GIRL OF THE MOMENT

Jodie Comer is the Fiery Young Queen of Your Game of Thrones Replacement The White Princess

The 24-year-old English actress and the breakout star of the new Starz series on making a swords-and-crowns costume drama that focuses on the women, for once.

Photographs by Michael Beckert

Jodie_5.jpg
Visual Editor: Biel Parklee.

In August 1485, King Richard III was killed in battle, defeated by Henry Tudor just two years after ascending to the throne. The Battle of Bosworth Field was the final major confrontation in the War of the Roses, the English civil war that pitted the Lancasters (Henry’s side) against the Yorks (Richard’s side), resulting in more than a century of Tudor reign in England.

Into this uncertain political time comes The White Princess, the new eight-part Starz miniseries premiering Sunday based on Philippa Gregory’s novel. The spiritual and chronological sequel to the BBC miniseries The White Queen, also written by Emma Frost, the Starz series explores the life of Elizabeth of York, the niece—and, in the series, the lover—of Richard III and, soon, the wife of Henry VII.

Some have likened the series to Game of ThronesGOT‘s Michelle Fairley even stars as the queen mother, Margaret Beaufort, as much an antithesis of Catelyn Stark as you might be able to find onscreen. The central figure, though, is Elizabeth, who is played by the 24-year-old Liverpudlian actress Jodie Comer. Lizzie, as she’s known to those closest to her, is a bit of a sullen young woman at the outset of the series, resentful of her arranged marriage and none too pleased to be a pawn in the political maneuverings of the York and Tudor families. (The series is named for the white rose, the symbol of the house of York, not the lack of diversity in its cast.)

Jodie Comer as Elizabeth of York in The White Princess, 2017.

Aimee Spinks/Starz

The White Princess is Comer’s first American screen credit, but the English actress has been working semi-professionally for nearly a decade, beginning with a BBC radio play while she was still in secondary school. As a child, the daughter of a physiotherapist for English Premier League team Everton and a transportation administrator attended local youth theater classes; when she was 13, she performed in the Liverpool Drama Festival, placing first in her category. In her monologue, told from the perspective of a young girl, she recounted the Hillsborough Disaster, the crush of fans at a Liverpool football match in 1989 that killed 96, including her character’s father.

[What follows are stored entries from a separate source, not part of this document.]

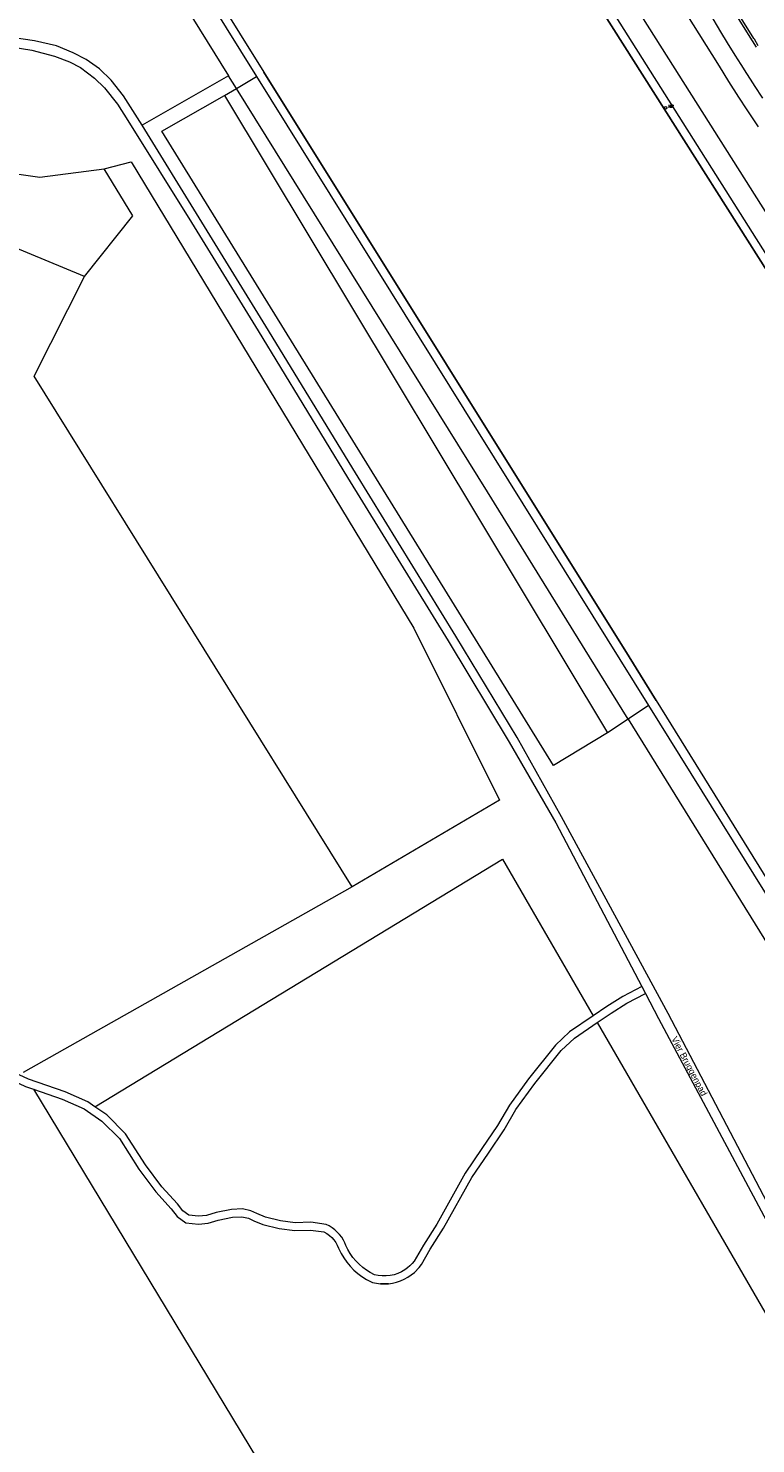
# Model space of a CAD drawing. Header units: metres. Extents: x 138165 to 154469, y 480134 to 494189.
# Tile 208 of 256: x 147602 to 147741, y 484350 to 484620. Entities that reach past the tile are written whole.
import ezdxf

# ---------------------------------------------------------------- set-up
doc = ezdxf.new("R2010")
doc.units = ezdxf.units.M
doc.header["$LTSCALE"] = 0.001
doc.header["$MEASUREMENT"] = 0
for name, color, linetype, lineweight in [('TOP-L-topo objecten punt', 7, 'Continuous', 0), ('TOP-L-topo objecten vlak', 7, 'Continuous', 0), ('TOP-L-water beschoeiing', 7, 'Continuous', 0), ('TOP-T-topo huisnummering naamgeving', 7, 'Continuous', 0)]:
    doc.layers.add(name, color=color, linetype=linetype, lineweight=lineweight)
doc.styles.add('Style-INTL_ISO', font='INTL_ISO.shx')
doc.styles.add('Style-STANDARD', font='STANDARD.shx')

# ---------------------------------------------------------------- blocks, each defined once
blk = doc.blocks.new('17')
at = {"layer": 'TOP-L-topo objecten punt', "color": 7, "linetype": 'Continuous', "lineweight": 0}
blk.add_circle((0, 0), 0.025, dxfattribs=at)
at = {"layer": 'TOP-L-topo objecten punt', "color": 7, "linetype": 'Continuous', "lineweight": 0, "style": 'Style-STANDARD'}
blk.add_text('HP', height=0.06, dxfattribs=at).set_placement((0.0483, 0))

msp = doc.modelspace()

# ---------------------------------------------------------------- linework, layer by layer
at = {"layer": 'TOP-L-topo objecten vlak', "flags": 128}
for points in [[(147915.36, 484325.36), (147860.91, 484387.69), (147830.98, 484435.42), (147803.12, 484479.25), (147670.02, 484689.15), (147521.23, 484930.59), (147478.45, 485000), (147401.57, 485124.74), (147400.58, 485125.98), (147341.6, 485220.72), (147341.51, 485220.85), (147341.42, 485221.01), (147339.74, 485223.7), (147339.66, 485223.83), (147339.57, 485223.97), (147322.87, 485250.8)], [(147521.23, 484930.59), (147670.02, 484689.15), (147803.12, 484479.25), (147830.98, 484435.42), (147860.91, 484387.69), (147915.36, 484325.36)], [(147522.7, 484931.58), (147671.45, 484690.14), (147804.28, 484479.96), (147832.17, 484436.16), (147862.04, 484388.65), (147916.6, 484326.55), (147936.64, 484334.7), (147943.7, 484333.47), (147976.76, 484286.91), (147975.71, 484280.12), (147968.19, 484274.19)], [(147555.08, 484915.08), (147740.26, 484617.83), (147740.37, 484617.65), (147741.11, 484616.43)], [(147741.54, 484616.69), (147740.8, 484617.91), (147740.68, 484618.09), (147555.5, 484915.34)], [(147549.62, 484756.85), (147550.06, 484756.89), (147550.71, 484756.88), (147551.36, 484756.79), (147551.99, 484756.65), (147552.6, 484756.43), (147553.01, 484756.25), (147553.22, 484756.11), (147553.78, 484755.74), (147554.25, 484755.4), (147554.67, 484755.09), (147555.11, 484754.74), (147555.33, 484754.57), (147555.69, 484754.27), (147556, 484754), (147556.43, 484753.61), (147556.78, 484753.28), (147557.05, 484753.02), (147557.23, 484752.84), (147645.73, 484610.8)], [(147558.52, 484753.7), (147647.18, 484611.66), (147716.87, 484500), (147722.06, 484491.68), (147792.57, 484377.88)], [(147553.01, 484751.55), (147640.42, 484610.97)], [(147623.9, 484601.49), (147622.61, 484603.59), (147620.35, 484607.11), (147618.01, 484610.1), (147615.76, 484612.3), (147613.21, 484614.06), (147610.77, 484615.34), (147607.54, 484616.66), (147603.38, 484617.59), (147597.75, 484618.47), (147584.24, 484619.81), (147570.06, 484620.68), (147553.11, 484621.72), (147527.35, 484623.36), (147506.54, 484624.62), (147500.71, 484625.14), (147496.19, 484626.1), (147492.23, 484627.52), (147488.29, 484629.58), (147484.96, 484632.51)], [(147725.21, 484626.92), (147734.05, 484612.77), (147735.87, 484609.85), (147737.76, 484606.88), (147739.33, 484604.47), (147741.51, 484601.21)], [(147742.43, 484606.69), (147740.84, 484609.09), (147740.64, 484609.4), (147739.33, 484611.41), (147738.25, 484613.1), (147737.13, 484614.88), (147735.68, 484617.23), (147734.39, 484619.37), (147732.32, 484622.9)], [(147766.08, 484548.42), (147719.64, 484621.83)], [(147581.32, 484618.2), (147583.93, 484617.88), (147597.7, 484616.66), (147602.89, 484615.83), (147607.19, 484614.7), (147610.08, 484613.62), (147612.13, 484612.5), (147614.83, 484610.49), (147616.73, 484608.63), (147619.21, 484605.52), (147621.2, 484602.43), (147633.34, 484582.92), (147646.06, 484562.24), (147663.12, 484534.24), (147682.31, 484503.06), (147693.99, 484483.7), (147702.9, 484468.3), (147719.3, 484437.06)], [(147640.42, 484610.97), (147623.9, 484601.49)], [(147641.94, 484608.53), (147640.42, 484610.97)], [(147641.94, 484608.53), (147645.73, 484610.8)], [(147645.73, 484610.8), (147693.83, 484533.61), (147720.56, 484490.68)], [(147712.73, 484485.46), (147702.42, 484479.28), (147627.65, 484600.38), (147639.66, 484607.17)], [(147639.66, 484607.17), (147641.94, 484608.53)], [(147639.66, 484607.17), (147712.73, 484485.46)], [(147716.69, 484488.11), (147709.33, 484500), (147689.83, 484531.51), (147641.94, 484608.53)], [(147773.86, 484321.96), (147773.68, 484323.57), (147773.27, 484327.55), (147772.51, 484333.12), (147772.22, 484334.48), (147771.83, 484336.91), (147770.97, 484340.43), (147769.92, 484343.34), (147767.61, 484348.43), (147760.75, 484361.66), (147754.69, 484373.57), (147744.64, 484393.12), (147724.35, 484431.91), (147703.98, 484469.44), (147695.5, 484484.6), (147683.8, 484503.97), (147664.62, 484535.15), (147647.55, 484563.15), (147634.83, 484583.83), (147623.9, 484601.49)], [(147580.23, 484586.19), (147581.61, 484594.84), (147604.39, 484591.56), (147616.68, 484593.18)], [(147612.9, 484572.64), (147622.12, 484584.2), (147616.68, 484593.18)], [(147616.68, 484593.18), (147621.84, 484594.49), (147675.8, 484505.48), (147692.14, 484472.65), (147664.01, 484456.06)], [(147612.9, 484572.64), (147580.23, 484586.19)], [(147664.01, 484456.06), (147603.31, 484553.57), (147612.9, 484572.64)], [(147720.56, 484490.68), (147716.69, 484488.11)], [(147720.56, 484490.68), (147791.21, 484377.22)], [(147716.69, 484488.11), (147712.73, 484485.46)], [(147716.69, 484488.11), (147774.9, 484394.07), (147766.06, 484388.59), (147763.34, 484376.03), (147766.71, 484354.01), (147769.32, 484349.8), (147772.81, 484343.34), (147775.49, 484336.45), (147775.93, 484326.94), (147778.14, 484319.08)], [(147614.9, 484414.1), (147692.73, 484461.34), (147710.03, 484431.45)], [(147664.01, 484456.06), (147601.21, 484420.62)], [(147581.33, 484451.16), (147581.06, 484444.86), (147581.56, 484437.98), (147581.64, 484435.43), (147582.13, 484432.29), (147583.43, 484429.56), (147587.15, 484426.2), (147592.64, 484422.56), (147596.34, 484420.41), (147601.65, 484417.95), (147603.17, 484417.42)], [(147720, 484435.74), (147722.51, 484430.96), (147743.09, 484392.3), (147752.08, 484374.53), (147757.11, 484364.68), (147757.92, 484362.9), (147766.32, 484346.76), (147768.12, 484342.59), (147769.36, 484339.03), (147768.22, 484336.56), (147566.06, 484226.73), (147558.14, 484222.42)], [(147719.3, 484437.06), (147715.69, 484435.17), (147712.66, 484433.24), (147710.03, 484431.45)], [(147710.79, 484430.15), (147713.48, 484431.99), (147716.44, 484433.87), (147720, 484435.74)], [(147719.3, 484437.06), (147720, 484435.74)], [(147710.03, 484431.45), (147705.53, 484428.37), (147702.81, 484425.86), (147697.69, 484419.45), (147694.02, 484414.41), (147691.74, 484410.51), (147688.79, 484406.1), (147685.61, 484401.38), (147680.16, 484391.66), (147677.62, 484387.66), (147675.88, 484384.62), (147675.47, 484384.14), (147675.05, 484383.71), (147674.59, 484383.31), (147674.09, 484382.96), (147673.44, 484382.58), (147672.74, 484382.26), (147672.02, 484382.03), (147671.28, 484381.86), (147670.52, 484381.78), (147669.76, 484381.78), (147669, 484381.86), (147668.26, 484382.01), (147667.47, 484382.42), (147666.73, 484382.9), (147666.02, 484383.43), (147665.35, 484384.01), (147664.73, 484384.64), (147664.17, 484385.32), (147663.66, 484386.05), (147663.2, 484386.81), (147662.81, 484387.6), (147662.6, 484388.12), (147662.35, 484388.62), (147662.01, 484389.17), (147661.62, 484389.69), (147661.18, 484390.17), (147660.71, 484390.61), (147660.19, 484391), (147659.64, 484391.35), (147659.07, 484391.64), (147656.11, 484392.03), (147653.12, 484391.95), (147650.36, 484392.31), (147647.46, 484393.04), (147645.84, 484393.71), (147644.68, 484394.23), (147643.09, 484394.59), (147640.95, 484394.5), (147638.05, 484393.87), (147636.21, 484393.33), (147634.7, 484393.17), (147632.81, 484393.37), (147631.67, 484394.23), (147630.64, 484395.58), (147627.7, 484398.78), (147624.53, 484403.01), (147620.75, 484408.94), (147617.17, 484412.53), (147614.9, 484414.1)], [(147670.97, 484380.31), (147671.74, 484380.42), (147672.5, 484380.6), (147673.25, 484380.85), (147673.96, 484381.16), (147674.65, 484381.54), (147675.3, 484381.97), (147675.91, 484382.46), (147676.78, 484383.4), (147677.24, 484383.98), (147678.9, 484386.89), (147681.44, 484390.89), (147686.88, 484400.59), (147690.03, 484405.26), (147693.01, 484409.71), (147695.28, 484413.59), (147698.89, 484418.54), (147703.91, 484424.83), (147706.47, 484427.19), (147710.79, 484430.15)], [(147710.79, 484430.15), (147750.03, 484362.35), (147750.84, 484360.96), (147762.04, 484341.61), (147677.49, 484295.35)], [(147614.9, 484414.1), (147613.58, 484415.02), (147609.2, 484416.93), (147602.22, 484419.34), (147600.42, 484420.17)], [(147603.17, 484417.42), (147645.93, 484346.72)], [(147603.17, 484417.42), (147608.66, 484415.53), (147612.84, 484413.7), (147616.2, 484411.37), (147619.58, 484408), (147623.29, 484402.16), (147626.54, 484397.83), (147629.49, 484394.61), (147630.6, 484393.16), (147632.24, 484391.92), (147634.7, 484391.66), (147636.5, 484391.85), (147638.42, 484392.41), (147641.15, 484393.01), (147642.96, 484393.08), (147644.21, 484392.8), (147645.25, 484392.34), (147646.99, 484391.61), (147650.07, 484390.84), (147653.05, 484390.45), (147656.03, 484390.53), (147658.63, 484390.18), (147659.16, 484389.88), (147659.66, 484389.53), (147660.11, 484389.12), (147660.51, 484388.67), (147660.87, 484388.17), (147661.16, 484387.64), (147661.4, 484387.09), (147661.44, 484386.99), (147661.89, 484386.09), (147662.4, 484385.23), (147662.98, 484384.41), (147663.62, 484383.64), (147664.32, 484382.92), (147665.07, 484382.26), (147665.88, 484381.66), (147666.72, 484381.13), (147667.61, 484380.66), (147667.87, 484380.56), (147668.64, 484380.4), (147669.41, 484380.3)], [(147670.97, 484380.31), (147670.19, 484380.27), (147669.41, 484380.3)], [(147669.41, 484380.3), (147670.19, 484380.27), (147670.97, 484380.31)]]:
    msp.add_lwpolyline(points, dxfattribs=at)
at = {"layer": 'TOP-L-water beschoeiing', "flags": 128}
for points in [[(147915.36, 484325.36), (147860.91, 484387.69), (147830.98, 484435.42), (147803.12, 484479.25), (147670.02, 484689.15), (147521.23, 484930.59)], [(147558.52, 484753.7), (147647.18, 484611.66)], [(147716.87, 484500), (147647.18, 484611.66)], [(147722.06, 484491.68), (147716.87, 484500)], [(147722.06, 484491.68), (147792.57, 484377.88)]]:
    msp.add_lwpolyline(points, dxfattribs=at)

# ---------------------------------------------------------------- block references
at = {"layer": 'TOP-L-topo objecten punt', "xscale": 10, "yscale": 10, "zscale": 10}
msp.add_blockref('17', (147723.86, 484604.82), dxfattribs=at)

# ---------------------------------------------------------------- texts
at = {"layer": 'TOP-T-topo huisnummering naamgeving', "style": 'Style-INTL_ISO'}
msp.add_text('Vier Bruggenpad', height=1.25, rotation=297.9, dxfattribs=at).set_placement((147724.89, 484427.08))

doc.saveas('drawing.dxf')

“That was the first time I realized I could tune into my emotions,” Comer told me recently in New York. She performed the monologue again at a school talent show; her drama teacher took note, putting Comer up for the radio play. From there, she signed with an agent, and the jobs started trickling in while she was still finishing high school: recurring parts on BBC series like the British legal drama Justice; the mysteries Remember Me and Doctor Foster; the crime drama Thirteen; and the E4 series My Mad Fat Diary. After The White Princess, which wrapped shooting in November, she heads back to the U.K. (Comer still lives with her parents and brother in Liverpool) for the second season of Doctor Foster and the upcoming Morrissey biopic England Is Mine.

Photo by Michael Beckert. Visual Editor: Biel Parklee.

Comer was immediately drawn to The White Princess. “For an era when women were expected to conform, these women are totally in charge of the show,” Comer said. “To read a piece of material from a period drama told from the woman’s perspective is just so unique.”

Though Elizabeth is, in many ways, a victim of circumstance, she does her best within a system designed to subjugate women. Early in the first episode, Henry summons Elizabeth to his chambers, telling her he’ll only marry her if she first proves “fertile.“

“Only if I will have you,” she snarls.

“You think you have a choice? You think you have free will?” Henry responds.

Rather than resisting, Lizzie hikes up her skirt and tells him to get it over with. This doesn’t mitigate his responsibility for what comes next—this is still clearly an assault—yet she’s able to slightly flip the script, reclaiming some of her agency. It was this scene that audiences reacted to at a screening Comer had attended several nights before we met. “They were kind of applauding her and her humiliating him and her regaining control of what was a helpless situation,” she said.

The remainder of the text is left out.